= Harry Smith Recording =

Harry Smith Recording was the first independent recording studio on the east coast of the United States, founded in the 1930s by Harry Smith.The studio was located at 2 West 46th Street in New York City, and was taken over in 1944 by Fred Hall and Chuck Phillips.

The studio ran a recording service for radio personalities, radio stations, and radio performers who wanted to record their live radio performances. This service at this time was mechanically fixed (sound cut into a wax type of record) onto a '78 styled disk record.

== Harry Smith ==
Harry Smith was a former recording engineer for Brunswick Records. One of the records he engineered at Brunswick was Benny Goodman's "Sing, Sing, Sing." Harry Smith was born Harry Schmitt but changed his name from "Schmitt" to "Smith" because of the anti-German sentiment of the era. Smith's nephew (and godson) was Al Schmitt, who he let help on sessions at the studio from the age of 8. Schmitt recalls watching big band sessions at the recording studio.

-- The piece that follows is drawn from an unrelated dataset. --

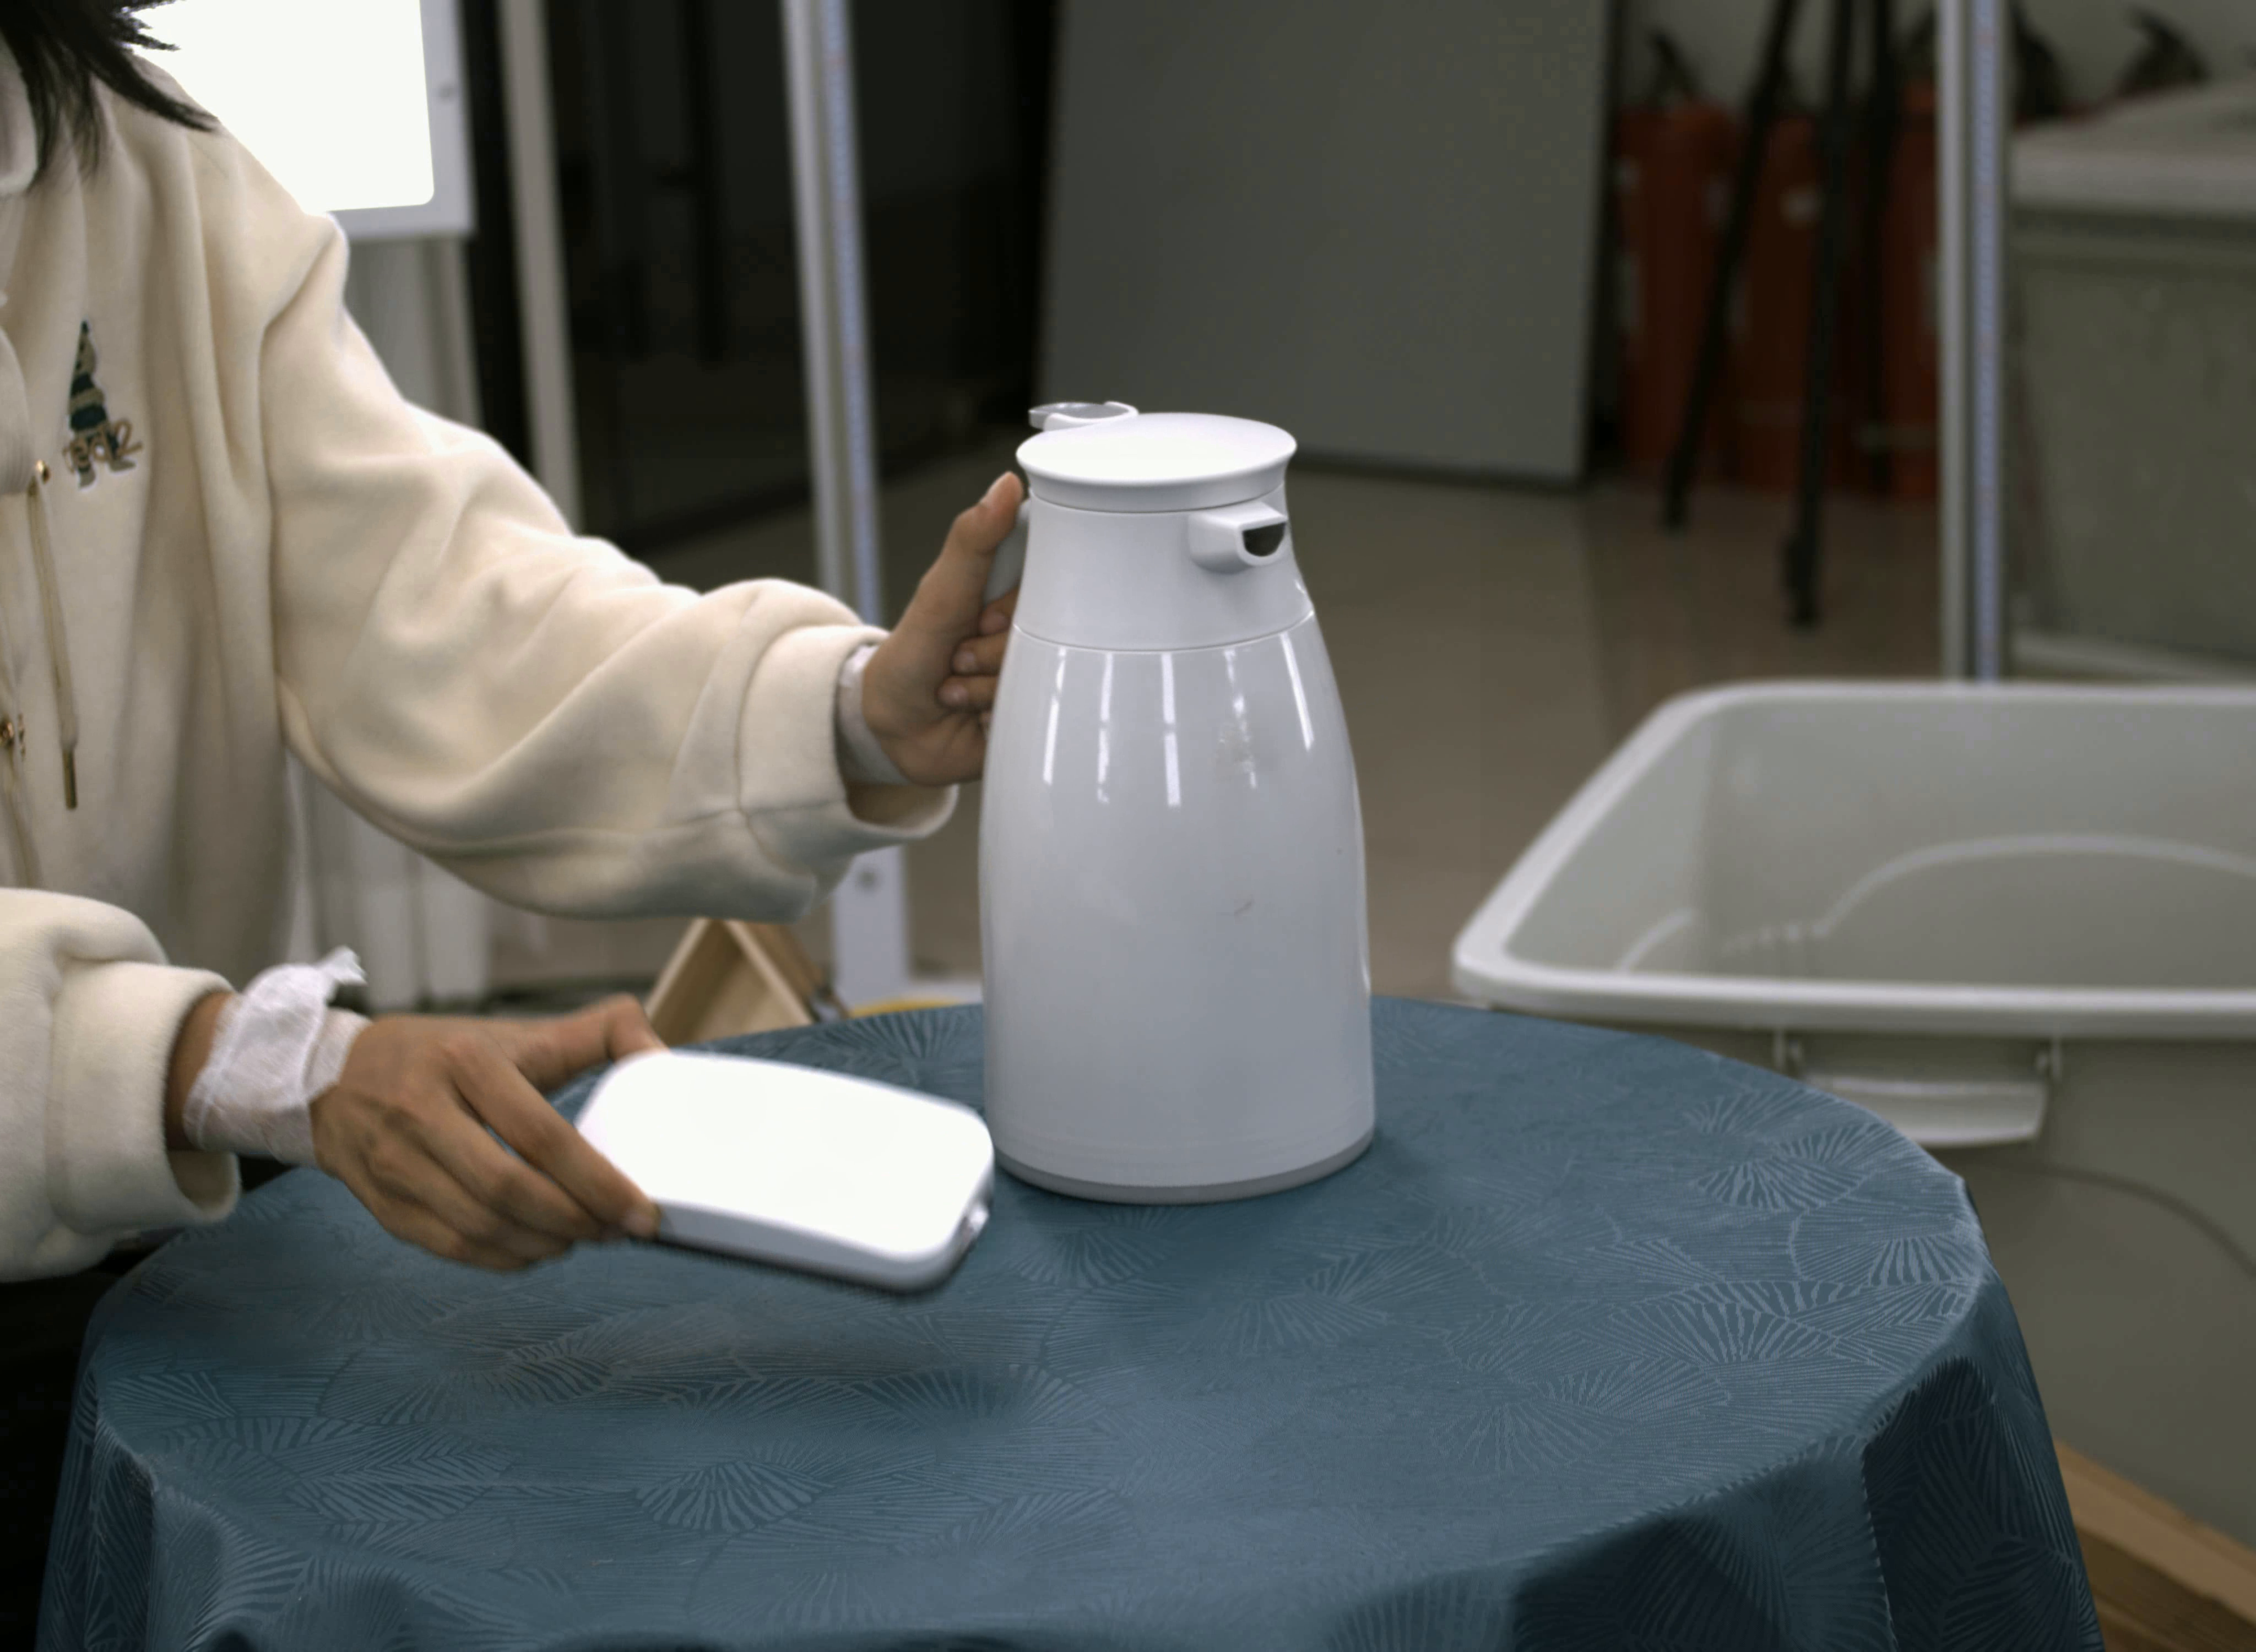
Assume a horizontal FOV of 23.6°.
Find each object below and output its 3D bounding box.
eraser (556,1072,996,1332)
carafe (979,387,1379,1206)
[{"bbox_3d":[-0.104,0.111,1.620,0.131,0.034,0.063,11,43,22],"label":"eraser"},{"bbox_3d":[0.003,-0.018,1.794,0.129,0.251,0.169,-13,18,-31],"label":"carafe"}]

The sessions would only have one mic.

== Notable recordings ==

- Frank Sinatra, "Our Love"
- Charlie Parker Quartet, "Cheryl" (1947)
- Charlie Parker All Stars, "Parker's Mood" (1948)

Frank Sinatra made his first recording at Harry Smith Recording, an unreleased version of the song, "Our Love". Sinatra was at the studio hanging out with a band during a session and the session finished early. He asked the band if he could record a tune and sing with the band during the extra time.